* [WHAT IS REQUIRED]: Among the lines below, return each one that contains the word "boxes".

* [Records from a dataset]:
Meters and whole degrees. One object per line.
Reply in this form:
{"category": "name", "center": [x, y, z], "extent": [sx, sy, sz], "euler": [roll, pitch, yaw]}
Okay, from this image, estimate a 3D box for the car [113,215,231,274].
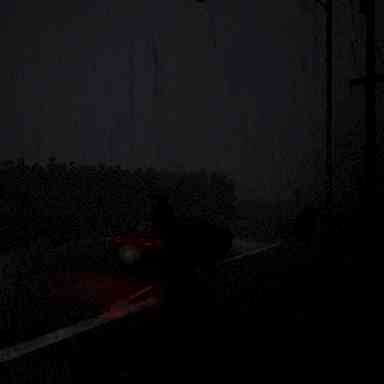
{"category": "car", "center": [-0.383, 1.498, 10.959], "extent": [1.882, 1.535, 5.008], "euler": [0, 0, 31]}
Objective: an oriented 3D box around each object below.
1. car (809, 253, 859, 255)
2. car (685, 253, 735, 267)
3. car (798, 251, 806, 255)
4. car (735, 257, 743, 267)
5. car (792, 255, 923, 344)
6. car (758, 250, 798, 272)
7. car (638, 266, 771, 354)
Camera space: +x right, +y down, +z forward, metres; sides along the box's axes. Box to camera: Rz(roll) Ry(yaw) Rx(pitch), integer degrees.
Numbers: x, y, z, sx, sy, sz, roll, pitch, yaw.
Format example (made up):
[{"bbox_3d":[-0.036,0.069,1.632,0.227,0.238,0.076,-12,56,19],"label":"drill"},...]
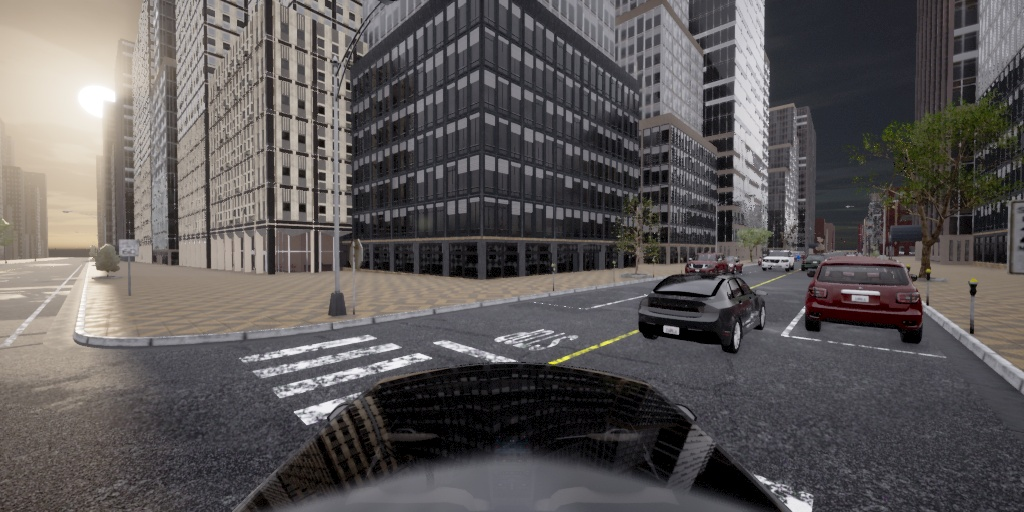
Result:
[{"bbox_3d":[12.886,0.906,13.583,2.192,1.841,5.009,0,0,43],"label":"car"},{"bbox_3d":[14.780,0.669,27.082,2.192,1.841,5.009,0,0,43],"label":"car"},{"bbox_3d":[30.238,0.590,35.576,2.097,1.767,4.553,1,1,44],"label":"car"},{"bbox_3d":[18.597,0.731,31.123,1.967,1.591,4.097,0,0,43],"label":"car"},{"bbox_3d":[9.139,0.971,9.478,2.192,1.841,5.009,0,0,43],"label":"car"},{"bbox_3d":[26.914,0.442,36.169,2.150,2.045,5.566,1,1,43],"label":"car"},{"bbox_3d":[4.759,1.164,8.725,1.837,1.490,4.892,1,1,43],"label":"car"}]
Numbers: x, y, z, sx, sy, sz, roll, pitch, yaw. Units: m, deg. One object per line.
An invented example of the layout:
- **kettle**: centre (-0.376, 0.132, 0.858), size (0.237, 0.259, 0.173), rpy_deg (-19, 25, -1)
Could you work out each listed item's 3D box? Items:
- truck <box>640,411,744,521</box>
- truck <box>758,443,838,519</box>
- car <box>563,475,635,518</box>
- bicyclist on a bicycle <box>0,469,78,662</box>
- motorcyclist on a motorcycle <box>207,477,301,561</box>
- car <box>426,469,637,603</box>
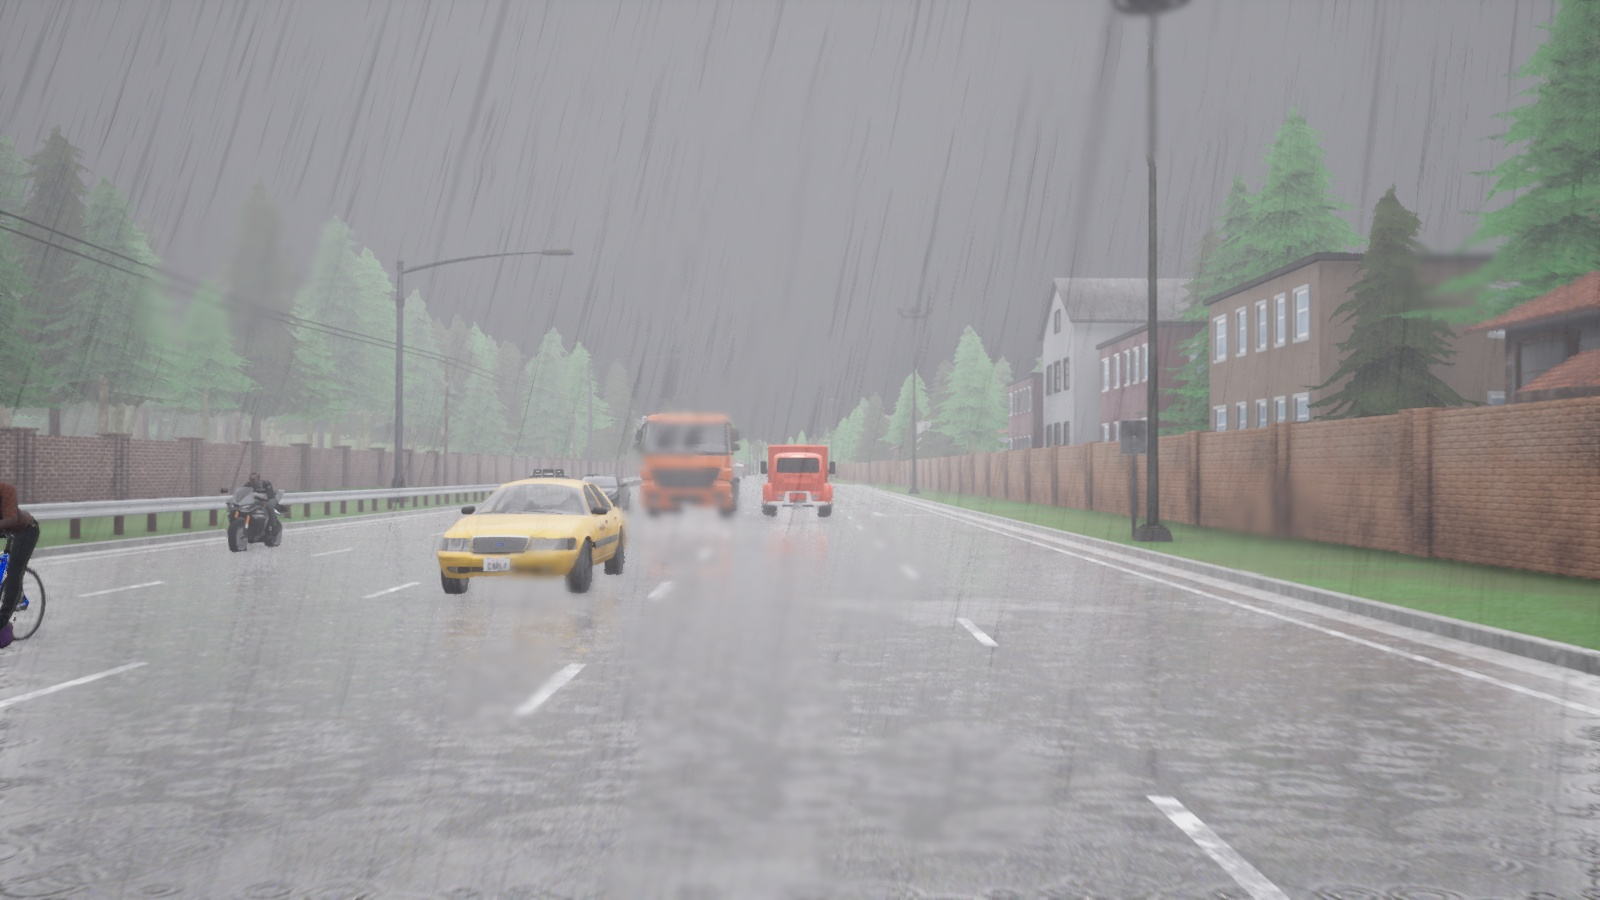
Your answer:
- **truck**: centre (-3.573, 0.574, 43.423), size (2.891, 3.462, 7.936), rpy_deg (0, -1, 0)
- **truck**: centre (-0.071, 1.065, 44.002), size (2.627, 2.467, 5.204), rpy_deg (0, -1, 0)
- **car**: centre (-7.070, 1.616, 44.653), size (1.812, 1.442, 4.674), rpy_deg (0, -1, 0)
- **bicyclist on a bicycle**: centre (-7.017, 0.978, 10.867), size (0.582, 1.620, 1.656), rpy_deg (0, -1, 0)
- **motorcyclist on a motorcycle**: centre (-10.538, 1.299, 24.348), size (0.866, 1.530, 2.191), rpy_deg (0, -1, 0)
- **car**: centre (-3.528, 1.061, 17.529), size (1.801, 1.575, 5.366), rpy_deg (0, -1, 0)
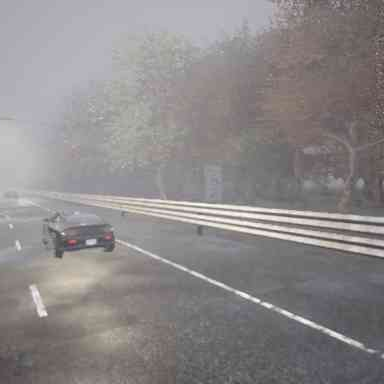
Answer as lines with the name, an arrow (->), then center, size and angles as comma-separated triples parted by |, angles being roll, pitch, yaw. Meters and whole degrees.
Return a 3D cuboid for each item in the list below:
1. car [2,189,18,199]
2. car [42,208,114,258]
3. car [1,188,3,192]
car -> -34.165, 0.426, 62.915 | 2.097, 1.767, 4.553 | -2, 2, -30
car -> -4.160, 1.293, 11.851 | 1.812, 1.442, 4.674 | -2, 2, -30
car -> -42.447, 0.364, 77.021 | 1.837, 1.490, 4.892 | -2, 2, -30
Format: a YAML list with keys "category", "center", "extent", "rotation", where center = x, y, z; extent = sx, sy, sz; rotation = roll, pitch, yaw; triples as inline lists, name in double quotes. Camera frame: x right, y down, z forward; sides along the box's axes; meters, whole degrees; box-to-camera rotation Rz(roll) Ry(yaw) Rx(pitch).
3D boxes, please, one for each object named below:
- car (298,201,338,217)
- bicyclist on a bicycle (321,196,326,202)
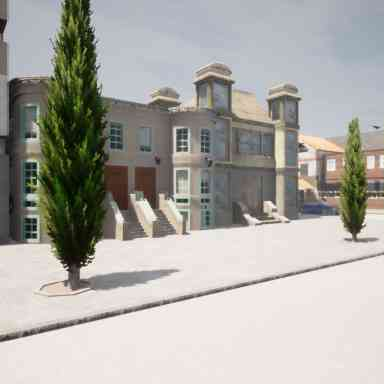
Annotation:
- category: "car"
  center: [12.253, 1.564, 31.579]
  extent: [1.994, 1.385, 4.181]
  rotation: [0, 0, -35]
- category: "bicyclist on a bicycle"
  center: [16.051, 1.349, 40.717]
  extent: [1.656, 1.620, 0.582]
  rotation: [0, 0, -35]
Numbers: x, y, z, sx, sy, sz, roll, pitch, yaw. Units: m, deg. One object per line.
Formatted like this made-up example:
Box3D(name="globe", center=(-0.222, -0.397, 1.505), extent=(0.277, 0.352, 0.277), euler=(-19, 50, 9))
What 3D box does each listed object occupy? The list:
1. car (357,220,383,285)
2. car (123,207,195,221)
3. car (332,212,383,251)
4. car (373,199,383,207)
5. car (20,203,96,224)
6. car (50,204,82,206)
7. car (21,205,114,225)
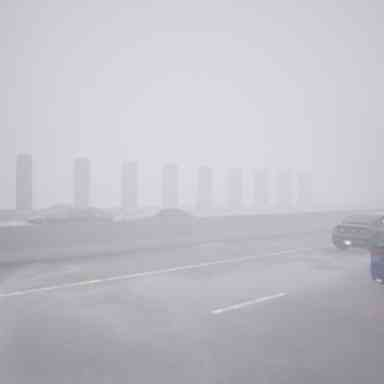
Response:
Box3D(name="car", center=(6.458, 1.533, 8.315), extent=(5.008, 1.535, 1.882), euler=(0, 0, -35))
Box3D(name="car", center=(-1.853, 1.631, 19.931), extent=(4.674, 1.442, 1.812), euler=(0, -1, -36))
Box3D(name="car", center=(7.601, 1.588, 13.360), extent=(4.892, 1.490, 1.837), euler=(0, 0, -35))
Box3D(name="car", center=(33.652, 1.903, 57.882), extent=(5.357, 1.411, 2.033), euler=(0, 0, -36))
Box3D(name="car", center=(-10.671, 1.677, 26.737), extent=(5.357, 1.411, 2.033), euler=(0, 0, -34))
Box3D(name="car", center=(-8.437, 1.666, 24.031), extent=(5.357, 1.411, 2.033), euler=(0, 0, -35))
Box3D(name="car", center=(-7.462, 1.699, 20.129), extent=(4.718, 1.301, 1.895), euler=(0, 0, -35))
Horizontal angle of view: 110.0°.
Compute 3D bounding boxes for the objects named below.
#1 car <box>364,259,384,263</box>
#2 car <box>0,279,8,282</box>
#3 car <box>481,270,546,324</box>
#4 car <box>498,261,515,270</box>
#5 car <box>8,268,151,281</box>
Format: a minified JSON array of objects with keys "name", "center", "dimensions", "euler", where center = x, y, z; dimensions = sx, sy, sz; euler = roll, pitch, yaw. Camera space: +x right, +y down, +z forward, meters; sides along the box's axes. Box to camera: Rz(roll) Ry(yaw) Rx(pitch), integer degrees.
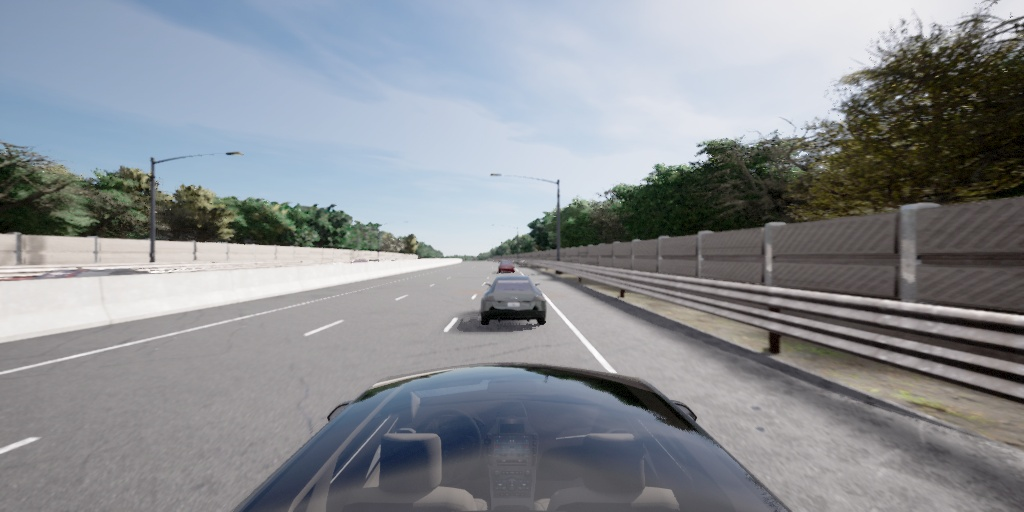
[{"name":"car","center":[-22.530,1.318,59.948],"dimensions":[1.895,1.301,4.718],"euler":[0,0,-2]},{"name":"car","center":[-21.230,1.334,17.233],"dimensions":[1.994,1.385,4.181],"euler":[0,0,-1]},{"name":"car","center":[0.029,1.339,12.122],"dimensions":[1.994,1.385,4.181],"euler":[0,0,-1]},{"name":"car","center":[-0.713,1.291,44.248],"dimensions":[1.994,1.385,4.181],"euler":[0,0,-2]},{"name":"car","center":[-17.708,1.298,15.644],"dimensions":[1.812,1.442,4.674],"euler":[0,0,-1]}]
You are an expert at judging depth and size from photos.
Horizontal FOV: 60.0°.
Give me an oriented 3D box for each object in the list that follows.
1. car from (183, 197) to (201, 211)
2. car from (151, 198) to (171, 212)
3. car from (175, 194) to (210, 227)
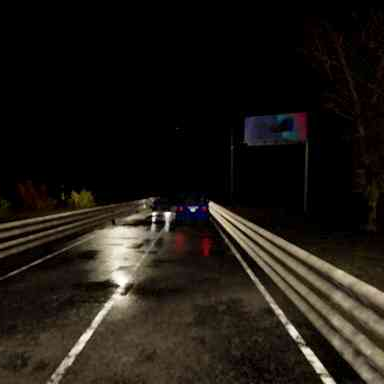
[{"bbox_3d":[-0.012,1.436,41.315,2.033,1.411,5.357,0,0,0],"label":"car"},{"bbox_3d":[-3.417,1.424,37.480,1.812,1.442,4.674,0,0,0],"label":"car"},{"bbox_3d":[0.039,1.161,22.456,2.150,2.045,5.566,0,0,0],"label":"car"}]
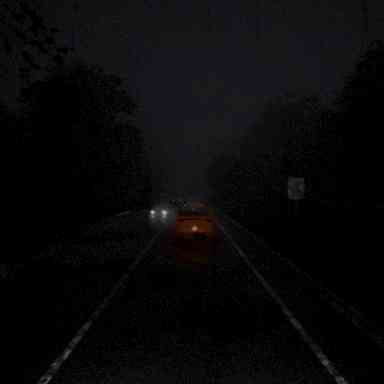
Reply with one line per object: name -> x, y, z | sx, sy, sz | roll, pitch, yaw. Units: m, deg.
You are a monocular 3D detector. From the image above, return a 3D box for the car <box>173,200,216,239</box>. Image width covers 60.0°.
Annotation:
car -> 0.117, 1.382, 16.616 | 1.882, 1.535, 5.008 | 0, 0, 0

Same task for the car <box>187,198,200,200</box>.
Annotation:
car -> 0.138, 1.294, 31.974 | 1.812, 1.442, 4.674 | 0, 1, 0

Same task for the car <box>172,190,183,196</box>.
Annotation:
car -> -3.396, 0.421, 77.817 | 2.150, 2.045, 5.566 | 0, 1, 0

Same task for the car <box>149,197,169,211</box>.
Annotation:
car -> -3.548, 1.259, 37.140 | 2.033, 1.411, 5.357 | 0, 1, 0
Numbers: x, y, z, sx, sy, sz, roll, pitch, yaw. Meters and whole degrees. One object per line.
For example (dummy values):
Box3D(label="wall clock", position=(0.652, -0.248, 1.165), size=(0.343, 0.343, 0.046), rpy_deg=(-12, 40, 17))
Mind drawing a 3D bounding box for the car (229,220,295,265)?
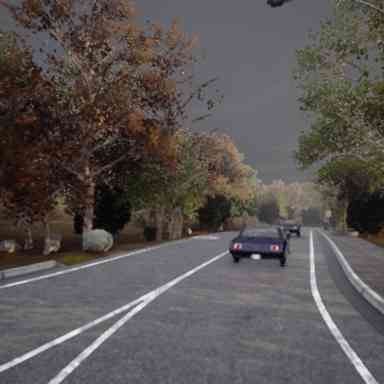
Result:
Box3D(label="car", position=(2.875, 1.954, 13.123), size=(1.895, 1.301, 4.718), rpy_deg=(0, -3, 20))

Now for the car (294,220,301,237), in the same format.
Box3D(label="car", position=(7.905, 2.928, 27.275), size=(1.895, 1.301, 4.718), rpy_deg=(0, -5, 20))

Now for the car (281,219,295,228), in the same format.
Box3D(label="car", position=(19.957, 6.599, 69.011), size=(2.097, 1.767, 4.553), rpy_deg=(0, -5, 25))
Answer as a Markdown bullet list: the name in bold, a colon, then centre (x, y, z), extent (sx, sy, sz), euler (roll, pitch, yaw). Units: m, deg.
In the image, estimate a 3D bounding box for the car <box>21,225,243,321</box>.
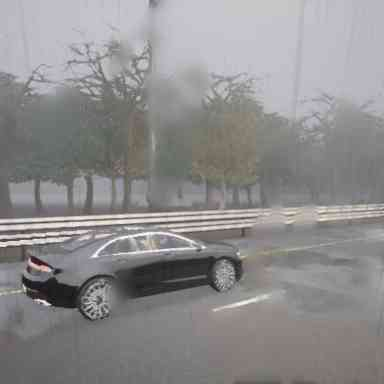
- **car**: centre (-1.006, 1.499, 7.330), extent (4.902, 1.511, 2.128), euler (0, 0, -35)
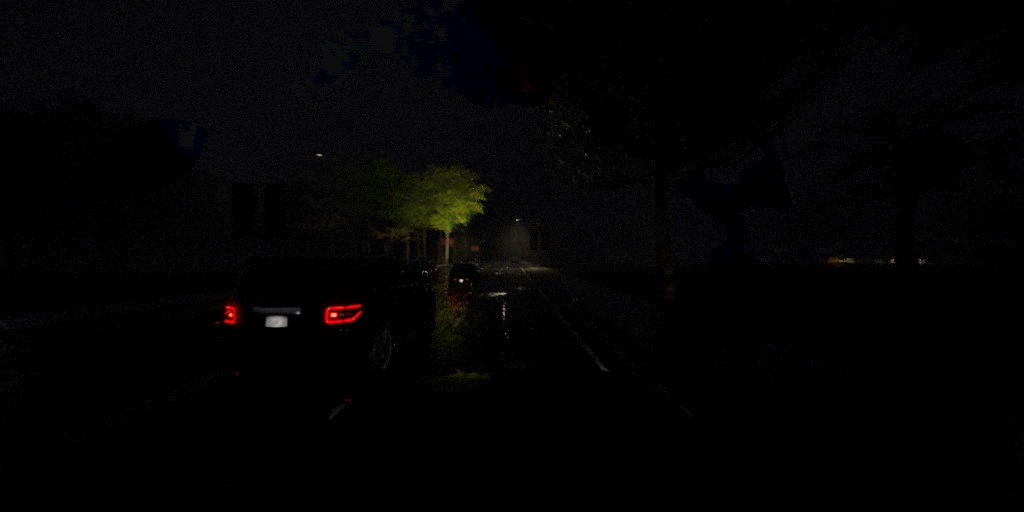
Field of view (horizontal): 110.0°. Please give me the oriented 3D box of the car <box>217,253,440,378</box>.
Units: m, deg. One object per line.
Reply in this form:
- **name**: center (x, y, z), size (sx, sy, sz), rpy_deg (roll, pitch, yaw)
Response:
- **car**: center (-3.149, 0.976, 7.480), size (2.150, 2.045, 5.566), rpy_deg (0, 0, 0)

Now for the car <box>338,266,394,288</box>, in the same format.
- **car**: center (-9.846, 1.371, 24.642), size (1.895, 1.301, 4.718), rpy_deg (0, 0, 0)

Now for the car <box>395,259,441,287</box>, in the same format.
- **car**: center (-6.593, 1.123, 25.706), size (2.097, 1.767, 4.553), rpy_deg (0, 0, 0)

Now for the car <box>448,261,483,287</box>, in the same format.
- **car**: center (-3.147, 1.274, 24.617), size (1.837, 1.490, 4.892), rpy_deg (0, 0, 0)

* [SOLUTION TO THE EXERCISE]:
3D boxes, please, one for each object named below:
Compute 3D bounding boxes for the objects named below.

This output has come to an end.